Finance Minister Mihály Varga, speaking at a meeting of the Official Monetary and Financial Institutions Forum (OMFIF), a London-based economic policy and monetary think tank, stressed that the Hungarian economy has recovered quickly after the pandemic, with GDP growth of 7.1 percent in 2021. Even though growth has slowed due to the economic impact of the Russian-Ukrainian conflict, the Hungarian economy will return to dynamic growth in 2024, he said.

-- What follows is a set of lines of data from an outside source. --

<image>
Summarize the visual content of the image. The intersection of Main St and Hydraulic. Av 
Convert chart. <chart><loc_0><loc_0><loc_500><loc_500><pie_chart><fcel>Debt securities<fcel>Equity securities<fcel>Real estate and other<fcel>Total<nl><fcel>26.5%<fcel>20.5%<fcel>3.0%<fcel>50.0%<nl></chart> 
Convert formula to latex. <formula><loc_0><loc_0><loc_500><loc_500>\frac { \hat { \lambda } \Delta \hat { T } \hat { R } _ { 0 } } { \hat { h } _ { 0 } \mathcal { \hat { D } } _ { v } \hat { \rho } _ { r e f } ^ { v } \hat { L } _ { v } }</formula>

The current account balance improved in the first half of the year and the external balance could reach a record high this year. Investment is up, with the highest investment rate in the EU. The growth prospects for investment are good, supporting overall economic growth, the Finance Minister noted.

Mihály Varga added that the government insists on the continuous reduction of the deficit.

This year, the government sector’s deficit on the basis of the European System of National and Regional Accounts (ESA) is expected to be 5.2 percent of GDP, and by 2024, it is expected to be 2.9 percent, which is necessary to avoid the EU’s excessive deficit procedure.

At the international forum, Barnabás Virág, Deputy Governor of the Hungarian National Bank, said that in the fight against inflation a major challenge is to bring down the consumer price index, especially in our region, and that there is now a disinflationary trend in the eurozone and the Central and Eastern European region.

Positive real interest rates have returned after more than a decade, he added, indicating that geopolitical tensions have continued to intensify, increasing the risks to growth prospects and investor sentiment more generally. Uncertainty has been further heightened by the renewed Gaza-Israel conflict in early October, adding to the generally rising geopolitical tensions.

He pointed out that

inflation in Hungary has fallen to single digits after peaking at 25.7 percent in January and could be around 7 percent by December.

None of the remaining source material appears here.